GEIS data files have a structure that is based on, but significantly different from, the FITS group format. The GEIS group format was designed to accommodate data such as time-resolved spectroscopy, where many small data arrays share common header information, but also have a certain amount of array-specific information. For example, the FOS and HRS instruments aboard HST have observing modes for time-resolved spectroscopy which can produce hundreds of spectra, all of the same size (in pixels), and all for the same observation set. If these were each stored as separate files, the overhead in file size and management would be horrendous. These data are, therefore, combined into single observation sets in GEIS group format. In this case, the descriptors that are common for all the spectra (e.g., the size of each spectrum, the instrument configuration, etc.) are stored in the header file, but the group-specific descriptors (e.g., the offsets for the GIMP correction) would be stored with the binary data.

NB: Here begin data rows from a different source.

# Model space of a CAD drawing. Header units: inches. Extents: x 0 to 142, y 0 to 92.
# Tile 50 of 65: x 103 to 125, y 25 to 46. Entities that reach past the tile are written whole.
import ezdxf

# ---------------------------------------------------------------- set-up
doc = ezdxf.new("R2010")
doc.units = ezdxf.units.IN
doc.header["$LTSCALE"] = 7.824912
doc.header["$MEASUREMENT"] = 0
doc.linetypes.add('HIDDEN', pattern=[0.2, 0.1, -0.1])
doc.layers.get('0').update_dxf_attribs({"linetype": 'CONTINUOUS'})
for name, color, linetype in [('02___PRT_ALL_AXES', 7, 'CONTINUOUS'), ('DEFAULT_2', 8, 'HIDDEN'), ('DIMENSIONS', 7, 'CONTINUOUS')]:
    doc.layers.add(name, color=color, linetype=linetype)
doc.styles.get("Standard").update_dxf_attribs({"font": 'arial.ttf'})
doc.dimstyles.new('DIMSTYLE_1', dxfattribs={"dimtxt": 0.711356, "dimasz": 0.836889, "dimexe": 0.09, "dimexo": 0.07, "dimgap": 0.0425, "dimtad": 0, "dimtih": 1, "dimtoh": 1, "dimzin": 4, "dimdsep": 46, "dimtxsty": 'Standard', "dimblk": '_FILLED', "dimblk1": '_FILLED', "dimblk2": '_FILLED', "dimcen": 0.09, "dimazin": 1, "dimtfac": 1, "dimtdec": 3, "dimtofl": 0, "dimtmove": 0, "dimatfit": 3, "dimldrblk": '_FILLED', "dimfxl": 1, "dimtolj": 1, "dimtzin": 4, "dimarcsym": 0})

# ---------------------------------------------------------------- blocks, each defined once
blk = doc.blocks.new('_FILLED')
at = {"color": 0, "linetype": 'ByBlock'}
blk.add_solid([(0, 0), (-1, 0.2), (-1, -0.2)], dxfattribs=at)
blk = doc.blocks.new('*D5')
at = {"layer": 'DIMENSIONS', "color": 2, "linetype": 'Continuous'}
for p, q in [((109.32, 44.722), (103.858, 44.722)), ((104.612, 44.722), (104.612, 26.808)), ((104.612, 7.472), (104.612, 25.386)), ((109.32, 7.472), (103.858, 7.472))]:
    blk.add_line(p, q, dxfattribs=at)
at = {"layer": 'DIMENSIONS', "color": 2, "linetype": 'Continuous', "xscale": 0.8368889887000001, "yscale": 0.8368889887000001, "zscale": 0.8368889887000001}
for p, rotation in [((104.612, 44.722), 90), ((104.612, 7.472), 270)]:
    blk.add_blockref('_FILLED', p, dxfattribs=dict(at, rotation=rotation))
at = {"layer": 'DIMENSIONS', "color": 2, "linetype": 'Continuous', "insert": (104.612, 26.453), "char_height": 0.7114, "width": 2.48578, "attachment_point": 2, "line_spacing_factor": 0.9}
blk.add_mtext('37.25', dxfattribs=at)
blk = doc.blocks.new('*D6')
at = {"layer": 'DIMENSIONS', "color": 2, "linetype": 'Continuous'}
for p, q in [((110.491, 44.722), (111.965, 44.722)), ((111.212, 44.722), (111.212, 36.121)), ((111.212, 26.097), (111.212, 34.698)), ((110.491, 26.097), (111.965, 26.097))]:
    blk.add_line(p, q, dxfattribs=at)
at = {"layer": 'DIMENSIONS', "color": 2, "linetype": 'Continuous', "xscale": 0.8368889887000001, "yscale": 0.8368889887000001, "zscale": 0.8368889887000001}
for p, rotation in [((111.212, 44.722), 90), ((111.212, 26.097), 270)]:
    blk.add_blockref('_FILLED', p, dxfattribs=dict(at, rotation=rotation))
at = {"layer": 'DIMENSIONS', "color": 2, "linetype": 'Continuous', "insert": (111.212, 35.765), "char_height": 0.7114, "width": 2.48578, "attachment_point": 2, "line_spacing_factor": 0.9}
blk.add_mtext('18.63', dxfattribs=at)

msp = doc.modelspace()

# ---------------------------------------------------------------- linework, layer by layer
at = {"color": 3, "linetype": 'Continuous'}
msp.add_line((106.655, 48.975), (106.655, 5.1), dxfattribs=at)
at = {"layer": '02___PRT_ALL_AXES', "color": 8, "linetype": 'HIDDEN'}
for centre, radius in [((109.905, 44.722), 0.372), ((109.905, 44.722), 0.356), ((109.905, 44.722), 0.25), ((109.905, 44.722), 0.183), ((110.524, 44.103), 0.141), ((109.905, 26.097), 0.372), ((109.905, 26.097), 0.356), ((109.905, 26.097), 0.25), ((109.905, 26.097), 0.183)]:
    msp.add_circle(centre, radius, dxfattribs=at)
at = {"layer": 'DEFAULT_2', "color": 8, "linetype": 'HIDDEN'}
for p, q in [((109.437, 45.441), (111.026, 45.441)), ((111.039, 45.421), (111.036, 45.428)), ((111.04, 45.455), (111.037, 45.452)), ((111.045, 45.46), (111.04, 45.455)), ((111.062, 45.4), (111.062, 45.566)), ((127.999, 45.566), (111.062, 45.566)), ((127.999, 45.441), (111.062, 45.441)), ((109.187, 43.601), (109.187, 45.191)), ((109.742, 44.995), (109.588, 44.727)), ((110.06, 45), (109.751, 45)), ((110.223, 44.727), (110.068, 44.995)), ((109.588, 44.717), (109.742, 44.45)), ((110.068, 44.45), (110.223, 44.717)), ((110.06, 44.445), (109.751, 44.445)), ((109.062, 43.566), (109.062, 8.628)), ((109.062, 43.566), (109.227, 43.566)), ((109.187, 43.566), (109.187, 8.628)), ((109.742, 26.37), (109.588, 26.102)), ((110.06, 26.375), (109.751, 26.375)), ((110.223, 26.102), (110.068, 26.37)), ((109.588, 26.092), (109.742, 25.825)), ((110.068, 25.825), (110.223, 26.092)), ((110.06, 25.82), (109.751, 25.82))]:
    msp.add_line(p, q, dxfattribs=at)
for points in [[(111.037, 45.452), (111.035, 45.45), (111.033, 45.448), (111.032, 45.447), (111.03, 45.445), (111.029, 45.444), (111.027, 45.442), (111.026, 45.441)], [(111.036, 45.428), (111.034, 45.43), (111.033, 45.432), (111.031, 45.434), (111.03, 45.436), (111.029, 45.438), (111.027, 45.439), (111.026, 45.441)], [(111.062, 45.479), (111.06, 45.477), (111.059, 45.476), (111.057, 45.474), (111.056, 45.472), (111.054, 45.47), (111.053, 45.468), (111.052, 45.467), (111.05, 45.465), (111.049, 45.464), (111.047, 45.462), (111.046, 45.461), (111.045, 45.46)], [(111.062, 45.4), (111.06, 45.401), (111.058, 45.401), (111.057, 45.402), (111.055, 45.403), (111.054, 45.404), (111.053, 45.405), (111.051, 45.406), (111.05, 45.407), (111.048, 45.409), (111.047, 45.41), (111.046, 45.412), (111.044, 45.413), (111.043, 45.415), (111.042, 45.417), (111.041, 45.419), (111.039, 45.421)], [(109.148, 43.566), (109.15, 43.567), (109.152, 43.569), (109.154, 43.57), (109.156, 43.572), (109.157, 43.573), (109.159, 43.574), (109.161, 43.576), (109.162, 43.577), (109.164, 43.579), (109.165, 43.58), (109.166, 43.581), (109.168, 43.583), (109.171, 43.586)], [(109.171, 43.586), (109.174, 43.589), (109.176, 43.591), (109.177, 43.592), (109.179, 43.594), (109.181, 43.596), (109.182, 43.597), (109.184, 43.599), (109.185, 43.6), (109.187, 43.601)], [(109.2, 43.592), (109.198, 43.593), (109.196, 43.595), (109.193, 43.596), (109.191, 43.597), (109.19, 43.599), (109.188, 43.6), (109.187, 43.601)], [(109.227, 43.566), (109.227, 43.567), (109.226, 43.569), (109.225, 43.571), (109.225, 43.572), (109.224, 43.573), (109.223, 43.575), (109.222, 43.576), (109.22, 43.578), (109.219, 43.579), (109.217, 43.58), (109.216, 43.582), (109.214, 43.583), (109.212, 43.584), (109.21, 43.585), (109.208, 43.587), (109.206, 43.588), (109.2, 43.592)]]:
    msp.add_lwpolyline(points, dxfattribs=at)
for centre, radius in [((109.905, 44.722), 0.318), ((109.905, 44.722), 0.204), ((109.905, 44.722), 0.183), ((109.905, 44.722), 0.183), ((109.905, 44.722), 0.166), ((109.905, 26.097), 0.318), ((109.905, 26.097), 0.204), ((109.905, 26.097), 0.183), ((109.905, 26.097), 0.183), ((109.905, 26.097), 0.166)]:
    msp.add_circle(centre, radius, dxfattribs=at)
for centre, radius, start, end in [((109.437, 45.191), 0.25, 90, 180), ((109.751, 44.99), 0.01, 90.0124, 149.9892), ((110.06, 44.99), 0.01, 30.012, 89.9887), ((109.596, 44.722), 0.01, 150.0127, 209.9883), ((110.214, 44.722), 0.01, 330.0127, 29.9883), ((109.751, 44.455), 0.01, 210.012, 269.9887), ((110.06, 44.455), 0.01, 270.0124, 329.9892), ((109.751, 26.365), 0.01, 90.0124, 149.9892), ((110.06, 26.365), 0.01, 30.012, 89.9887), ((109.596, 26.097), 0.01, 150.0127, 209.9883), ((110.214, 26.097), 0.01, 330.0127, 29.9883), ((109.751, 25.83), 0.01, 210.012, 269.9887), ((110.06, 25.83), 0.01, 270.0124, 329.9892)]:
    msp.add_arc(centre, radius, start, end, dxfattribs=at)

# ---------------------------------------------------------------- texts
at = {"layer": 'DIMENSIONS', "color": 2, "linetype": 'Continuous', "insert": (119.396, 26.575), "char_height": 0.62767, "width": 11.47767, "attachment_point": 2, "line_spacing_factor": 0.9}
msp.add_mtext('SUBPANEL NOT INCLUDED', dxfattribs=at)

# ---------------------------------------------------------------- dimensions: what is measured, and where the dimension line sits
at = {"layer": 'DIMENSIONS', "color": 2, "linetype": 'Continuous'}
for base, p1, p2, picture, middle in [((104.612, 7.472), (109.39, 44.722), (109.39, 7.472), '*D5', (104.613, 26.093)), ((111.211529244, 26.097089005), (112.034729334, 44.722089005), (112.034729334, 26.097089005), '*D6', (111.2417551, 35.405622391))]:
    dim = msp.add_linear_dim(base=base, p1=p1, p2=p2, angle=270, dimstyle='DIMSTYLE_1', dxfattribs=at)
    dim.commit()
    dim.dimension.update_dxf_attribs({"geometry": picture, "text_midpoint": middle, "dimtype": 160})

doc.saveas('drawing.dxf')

Parameters that are group- (or data subset-) specific parameters are called "group parameters," and they are stored in a reserved area of the binary data file called the "group parameter block". Each group of binary data has a reserved area for the group parameter block, allowing each group to have different values for group-dependent parameters. The structure looks something like this:
Figure 1: Schematic of GEIS File Structure Header (*.hhh) file: ______________ | | \ | | | ---- ASCII Header |____________| / Binary Data (*.hhd) file: _ _ ------------------------- \ \ | | | | | | | | | | | | | \ | ------------------------- | | | | | | | | | | | | | | | | | ------------------------- | --- Pixel Data | | | | | | | | | | | | | | | | ------------------------- | | | | | | | | | | | | | | | / | -- Group 1 ------------------------- _/ | | | | \ | ----- \ Group | | | | | --- Parameter | ----- / Block | | | | _/ _/ ------------------------- \ \ | | | | | | | | | | | | | \ | ------------------------- | | | | | | | | | | | | | | | | | ------------------------- | --- Pixel Data | | | | | | | | | | | | | | | | ------------------------- | | | | | | | | | | | | | | | | | -- Group 2 ------------------------- | | | | | | | | | | | | | | | / | -- Group 2 ------------------------- _/ | | | | \ | ----- \ Group | | | | | --- Parameter | ----- / Block | | | | _/ _/ -----
Note that the "group parameter block" (GPB) follows the binary data for each group, and each GPB has the same size (in bytes) for all groups. The GPB is a binary structure whose elements are described in the header file by the keywords "PTYPEn","PDTYPEn" and "PSIZEn", where "n" is the group parameter number. There are "PCOUNT" of these group parameters in each block, and the total size of the GPB is given by "PSIZE" in units of bits; the number of groups is given by "GCOUNT".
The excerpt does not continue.